As art critic Gal Ventura Note In her encyclopedic study of breastfeeding in art, here are the connections to sex that make up the connection between nannies and prostitutes, a character Degas often portrays. Both were working women who sold their bodies, or rather their bodily functions, to profit rich families. Although the wet nurse was closer to Madonna than a whore.

What Degas highlights here – through the convergence of the male gaze, the female body at work, and the theme of urban recreation – is the ubiquitous presence of modern capitalism. and exchange even in a picture that has entertainment as its apparent focus.

‘Motherhood’ by Pierre-Auguste Renoir (1885)

The shift toward maternal care was reflected in a series of works Renoir made in the 1880s about his future wife Aline nursing their first son, Pierre. Aline was a country seamstress so seeing her breastfeeding was less of a shock to hardline bourgeois audiences.

In the first installment of this series titled “Motherhood,” Renoir shows Aline sitting on a fallen tree, looking a lot like a rosy-faced farmer in a straw hat and sloppy clothes. She is also sexed through her full, protruding breasts and direct gaze.

by Auguste Renoir "maternity" (also known as "Child nursing" — Mrs. Renoir and her son, Pierre) see the replacement of breastfeeding with the wet method.

Auguste Renoir’s “Motherhood” (also known as “The Breastfeeding Child” – Mrs. Renoir and her son, Pierre) noticed a shift away from wet breastfeeding. Credit: From Wikimedia Commons

Breasts, Ventura write“are a scandal for patriarchy because they break the line between motherhood and sex”.

Aline seemed happy, so was Pierre, but something was wrong. Renoir’s association of his breastfeeding mate with the natural world is troubling.

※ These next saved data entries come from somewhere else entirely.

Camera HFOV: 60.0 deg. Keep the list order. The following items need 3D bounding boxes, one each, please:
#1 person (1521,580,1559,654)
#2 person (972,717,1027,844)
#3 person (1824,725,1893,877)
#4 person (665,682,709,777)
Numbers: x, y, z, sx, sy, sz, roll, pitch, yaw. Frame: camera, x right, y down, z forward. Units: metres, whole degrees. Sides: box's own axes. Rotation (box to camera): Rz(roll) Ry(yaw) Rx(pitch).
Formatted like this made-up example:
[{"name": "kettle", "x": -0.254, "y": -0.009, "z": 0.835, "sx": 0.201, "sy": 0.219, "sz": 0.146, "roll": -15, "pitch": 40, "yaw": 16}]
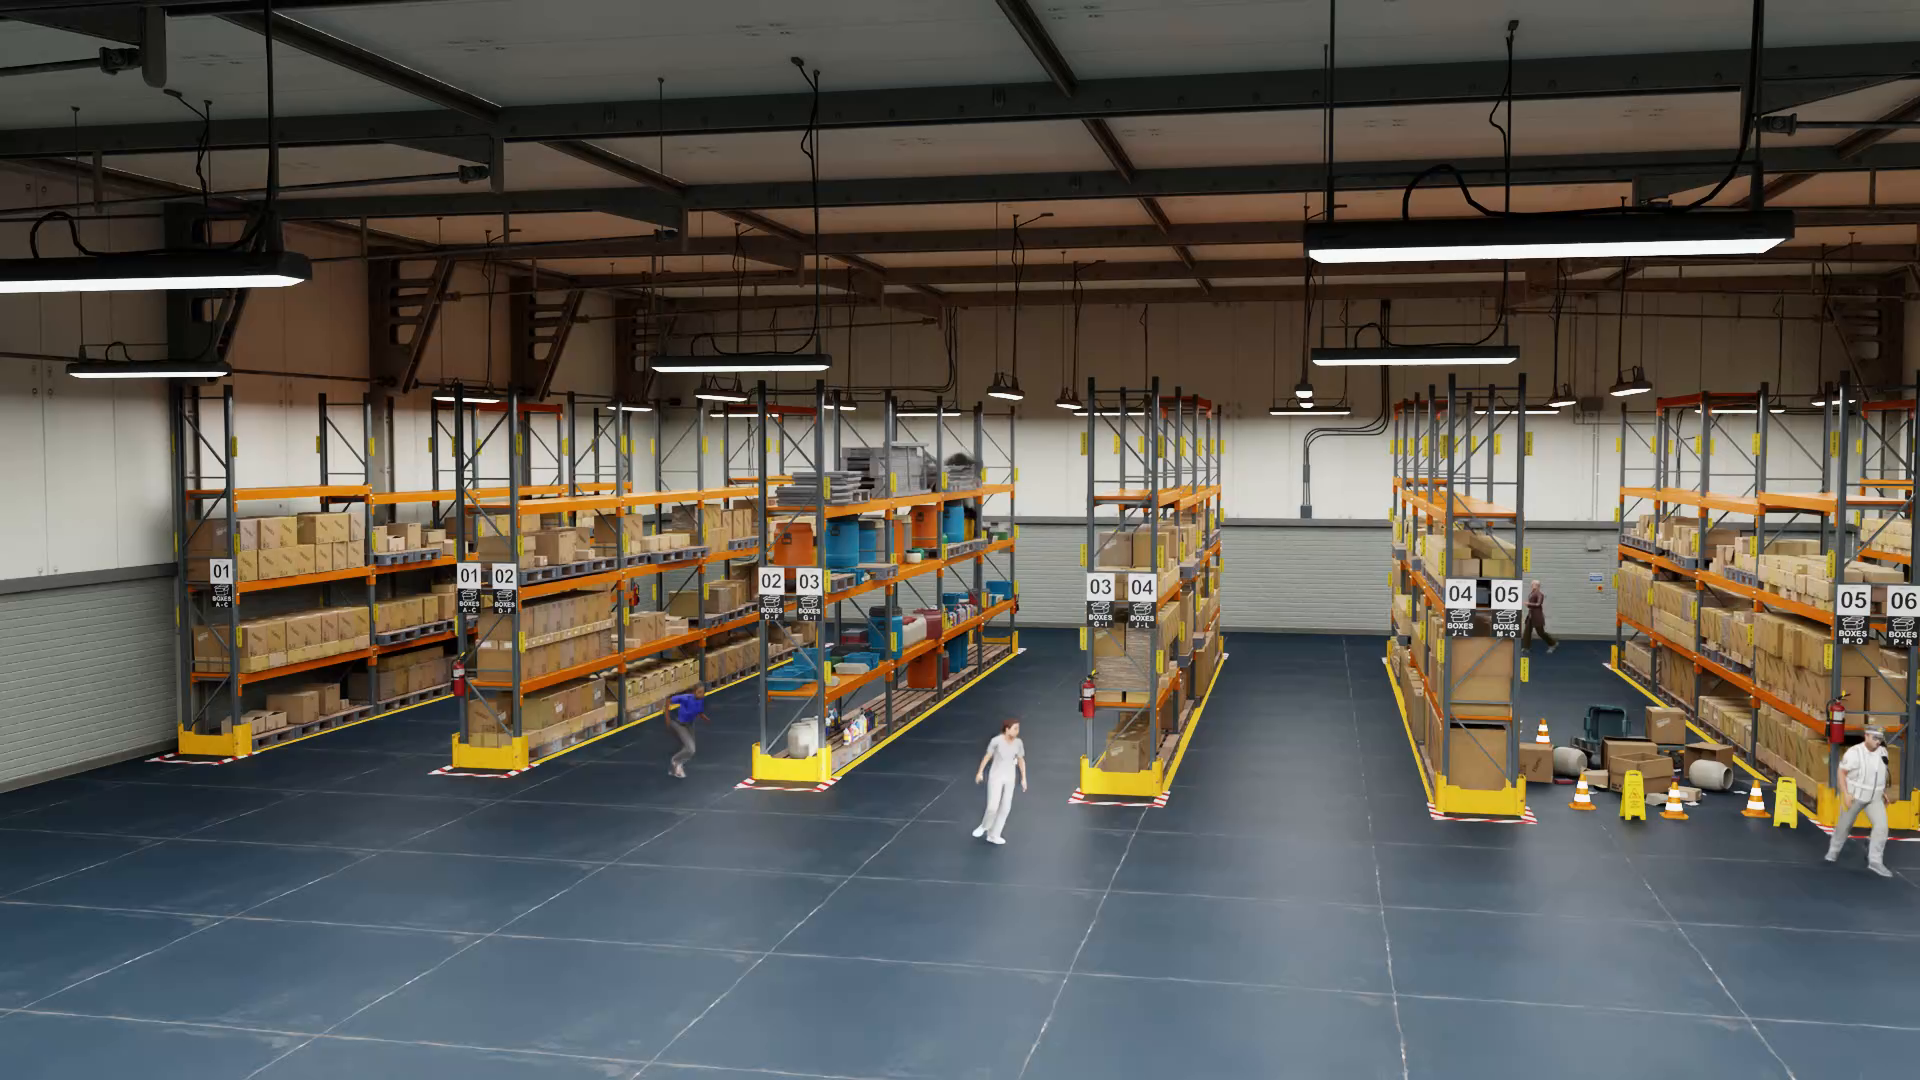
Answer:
[{"name": "person", "x": 13.826, "y": 1.848, "z": 39.849, "sx": 1.067, "sy": 1.768, "sz": 0.702, "roll": 0, "pitch": 3, "yaw": -4}, {"name": "person", "x": 0.498, "y": 3.018, "z": 20.940, "sx": 0.615, "sy": 1.632, "sz": 0.525, "roll": -1, "pitch": 3, "yaw": -22}, {"name": "person", "x": 10.630, "y": 3.011, "z": 19.568, "sx": 0.670, "sy": 1.716, "sz": 0.914, "roll": 0, "pitch": 3, "yaw": -5}, {"name": "person", "x": -4.122, "y": 2.861, "z": 24.973, "sx": 0.853, "sy": 1.484, "sz": 0.603, "roll": 2, "pitch": 4, "yaw": 38}]

The description echoes feminist Simone de Beauvoir’s statement in “The Second Sex” that under the patriarchy, through a woman’s ability to breastfeed and become a mother, “women are just a domesticated female animal”. Her serene nature also shows that breastfeeding is not a stress or “work”.

‘The Wet Nurse Angèle Feeds Julie Manet’ by Berthe Morisot (1880)

It is in Berthe Morisot’s small painting “Nurse Angèle Feeding Julie Manet” (1880) that the connection between art, work and money becomes most apparent.

Painted in vibrant whites, pinks and greens, it shows the mixed shapes of Morisot’s baby and the woman hired to care for him in the family home. The situation itself is radical – a female artist, not a male artist, paints a woman breastfeeding, not for the sake of nurturing instinct but for money. But it’s the way the picture is drawn that makes it so appealing.

Berthe Morisot's striking painting depicting another woman breastfeeding.

Berthe Morisot’s striking painting depicting another woman breastfeeding. Credit: From Wikimedia Commons

What amazes the viewer is not the bare breasts, but rather the ferocity of the brushstrokes that cover the unfinished canvas, blending flesh, figure, clothing, and background into thick, irregular strokes. , shoot out in many directions. There is something extremely expressive about this painting that perhaps only a mother could sense.

The physical frenzy of paint conveys manual labor. This is an angry picture of motherhood and the act of painting. It is a picture of the work hidden in creating an art product and one that has both milk and painting, as feminist art historian Linda Nochlin foresaw. Was observed“products made or made for the market, for profit”.

Morisot embodies more than any other impressionist school. Dependent on her mother and in-laws Manets, selling artwork was her only chance at financial freedom. This would not have been possible without a wet nurse and a supportive husband. Thankfully, for modern art, she has both.